*Work task*:
Nothing after the line with "Example of the" belongs in the copy; extract the lines below from the top through that line, pictures left out.

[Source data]

= Beginning of Section =

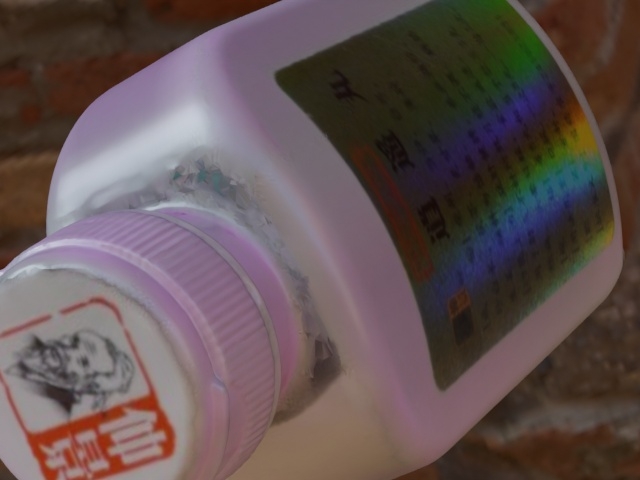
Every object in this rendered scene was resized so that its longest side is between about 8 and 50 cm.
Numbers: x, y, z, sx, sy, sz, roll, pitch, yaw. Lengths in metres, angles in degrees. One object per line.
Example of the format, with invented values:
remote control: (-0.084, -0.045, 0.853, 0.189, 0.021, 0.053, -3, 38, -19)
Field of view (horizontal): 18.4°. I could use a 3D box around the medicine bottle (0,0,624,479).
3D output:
medicine bottle: (0.000, 0.000, 0.492, 0.078, 0.115, 0.219, -25, 4, 32)

= End of Section =

*Answer area*:
Every object in this rendered scene was resized so that its longest side is between about 8 and 50 cm.
Numbers: x, y, z, sx, sy, sz, roll, pitch, yaw. Lengths in metres, angles in degrees. One object per line.
Example of the format, with invented values:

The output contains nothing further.